①Mさんの家族が出資して同族法人(不動産管理会社)を設立する。古アパート2棟(建物のみ)はMさんが同族法人に譲渡し、新築の店舗は同族法人名義が建築を行なう。

②同族法人は、古アパートと新築店舗に関する、借地権の権利金授受が発生しないように、Mさんに対して土地を無償で返還することを定めた契約書をとり交わし、「土地の無償返還の届出書」※を税務署に提出する。

③古アパートの家賃収入と新築店舗の賃料の合計2,800万円は、同族法人の売上げになり、同族法人はMさんに年間地代300万円を支払い、家族を役員にして給与を支払う。それぞれが給与所得になることで所得の分散を図るとともに、Mさん自身の所得税は軽減され、将来的にはMさんの相続税の軽減を図ることができる。

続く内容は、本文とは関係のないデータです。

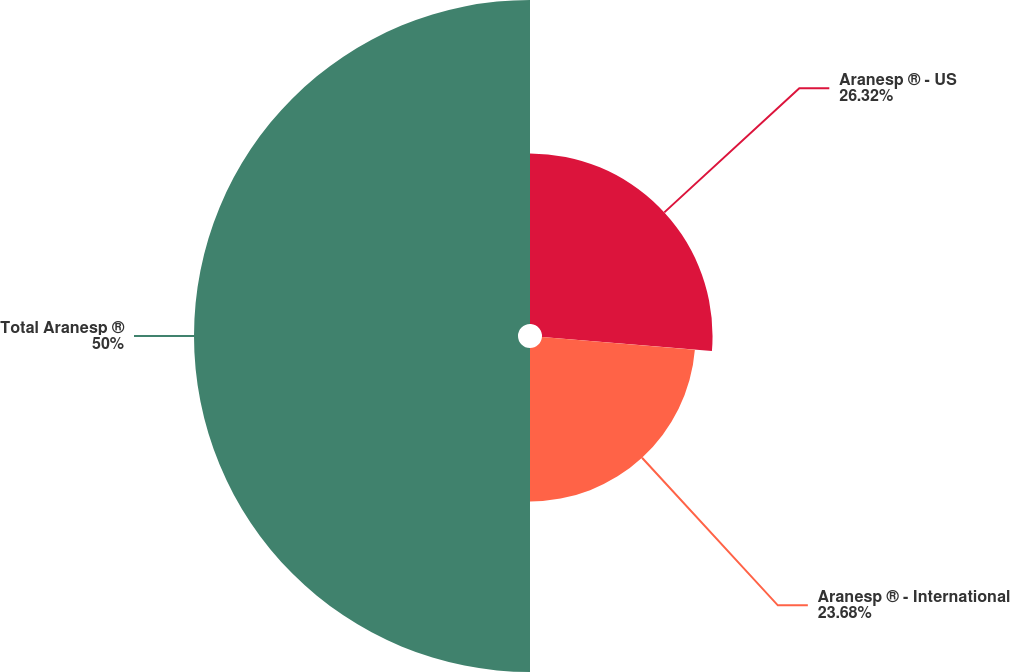Convert chart. <chart><loc_0><loc_0><loc_500><loc_500><pie_chart><fcel>Aranesp ® - US<fcel>Aranesp ® - International<fcel>Total Aranesp ®<nl><fcel>26.32%<fcel>23.68%<fcel>50.0%<nl></chart> 
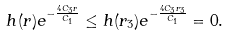<formula> <loc_0><loc_0><loc_500><loc_500>h ( r ) e ^ { - \frac { 4 C _ { 3 } r } { C _ { 1 } } } \leq h ( r _ { 3 } ) e ^ { - \frac { 4 C _ { 3 } r _ { 3 } } { C _ { 1 } } } = 0 .</formula>

※ 将来借地人が、その借りている土地を無償で返還することを約束した際に、税務署に提出する届出書をいいます。本来、借地権の対価の授受を行なう慣行のある地域では、建物を所有する目的をもって賃貸借契約を行なう際に、権利金の授受を行なうのが一般的です。しかし、借地権の設定が無償で行なわれた場合、税務当局は、地主が借地人に対して借地権に相当する権利金の支払いを免除したと解釈し、借地人に権利金相当額の課税(権利金の認定課税)が行なわれてしまいます。この権利金相当額の課税を受けないための方法の一つが、契約書において当事者間で将来無償で借地を返還する旨を定め、税務当局に「土地の無償返還に関する届出書」を提出することです。なお、この届出書が提出してある土地の相続税課税評価額は、通常の課税評価額の80%となります。

同族法人をつくるときのポイント

しかし、やみくもに同族法人をつくればいい、ということではありません。法人設立は、その目的が収入の確保と所得の分散にあるわけですから、きちんと収益があがることが前提になります。

また出資者(株主)の構成もポイントです。現在の不動産所有者が大株主になると、相続のときに問題がおこります。収益を上げている同族法人の株式は高く評価される例が多いので、相続財産が増えてしまうからです。また、妻(配偶者)を大株主にしたときは、二次相続では配偶者の税額軽減が使えないので、やはり、相続税対策になりません。賢い方法は、この法人を承継するお子さんを株主にすることです。

ちなみにMさんのケースでは、Mさんが長男に不動産賃貸経営を学ばせる目的もあり、長男が同族法人を設立し、MさんとMさんの奥さま、長男が法人の役員になりました。Mさんには子供が二人いますが、将来事業を承継する予定の長男のみの出資としました。これは、相続発生時の争いを未然に防ぐためです。相続が争族とならないための対策が必要です。

もちろん法人の設立については、専門家とよく相談し、資金調達について金融機関の意見を聞いたうえで、慎重に決断する必要があることは、いうまでもありません。